商靖川跌坐在椅子上,面色惨白,一言不发。
赵崖也没理他。
他知道商靖川这种人就是看书看得太多,真以为现实都跟书本里写的那样,手持令牌令箭便可号令千军,无往而不利了。
实际上现实从不会那么简单。
因为真正的权力从来都是很残酷的。
说白了,就是敬畏二字。
商靖川在城中靠着粮草供应这一杀手锏拿捏住了韦洪彬,韦洪彬俯首帖耳不敢有丝毫怨言,怕的当然不是商靖川,而是他手中的粮草。
而一旦趁虚入城,拥有了郡城这片富庶之地后,商靖川的权力自然就失效了。
这时赵崖冲屏风后说道:“落落姑娘,都在屏风后面听了这么久了,还不肯露面吗?”
屏风后传来一个银铃般的笑声,然后转出一名千娇百媚的女子,正是商落落。
“并非小女子不肯露面,实在是被赵公子你刚才那一番精彩的剖析给迷住了。”
商落落的眼中确实满是惊叹和钦佩之色。
她实在想不通。
一个过了年才满二十岁的年轻人,为何能对局势有如此敏锐而清晰的认知。
尤其那句三方保持着微弱的平衡,更是令商落落暗自叫绝。
“落落姑娘说笑了,我这些想法想必你也早就有吧。”
商落落摇了摇头,“有是有,但远没有赵公子你这般清晰明了。”
说罢她转头看向自己的父亲。
“父亲,刚刚赵公子的话你也都听到了,所以还是不要再抱有那些不切实际的想法了,尽快跟赵公子他们联合起来,保证郡城能平安度过这次的危机才是真的。你总不愿看到满城百姓生灵涂炭吧。”
商靖川这时也已逐渐恢复了清醒,闻言苦笑一声。
“我知道了,之前是为父我有些幼稚了。”
说着他坐直身形,面色肃然的看向赵崖。
“官府可全力支持你们,但光靠我们两方还是不够。”
赵崖点头,“当然,那些豪族也不能置身事外,我接下来就要去找他们。”
商靖川叹了口气,“那你可就要做好失败的准备了,毕竟那帮豪族跟我不同,他们都是有退路的,大不了弃城而去,所以不一定愿意出手。”
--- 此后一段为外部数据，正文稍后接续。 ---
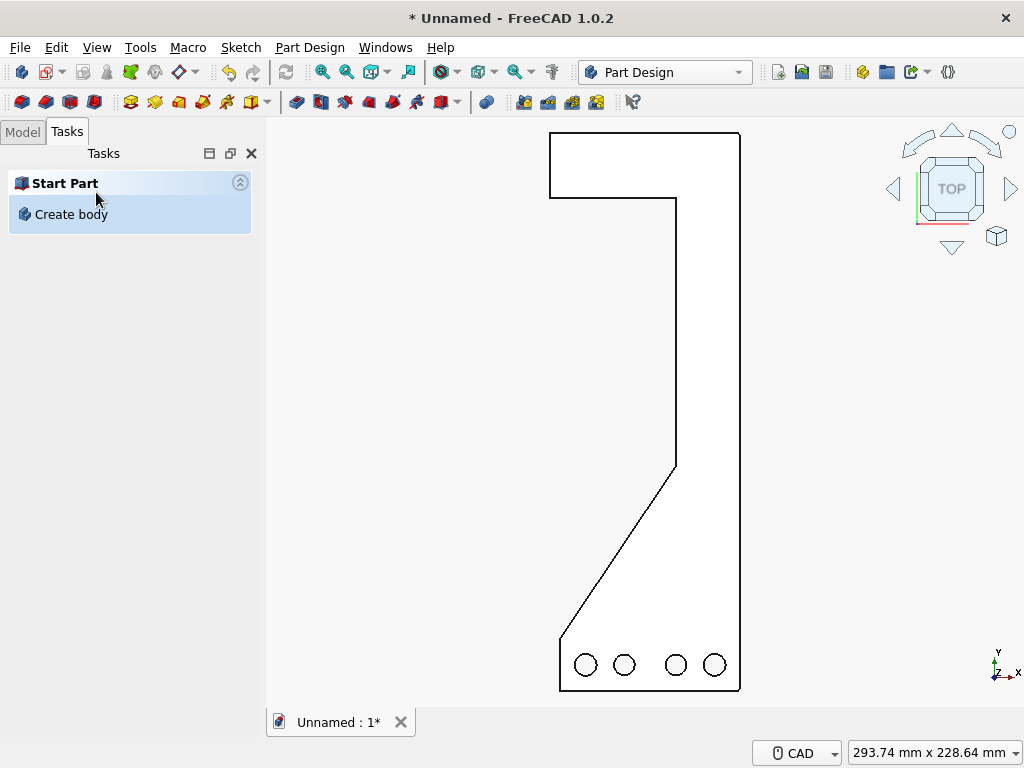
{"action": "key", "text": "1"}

“不试试怎么知道,而且这个时候,你觉得他们还能出得了城?”赵崖冷笑道。
“你的意思是……”
“我什么意思都没有,只是这次兽潮将山林都给污染了,想必道路之上也布满了埋伏,这时候想走,可就没那么容易了。”
说罢赵崖转身就要走。
商落落突然喊住了他,“等一下。”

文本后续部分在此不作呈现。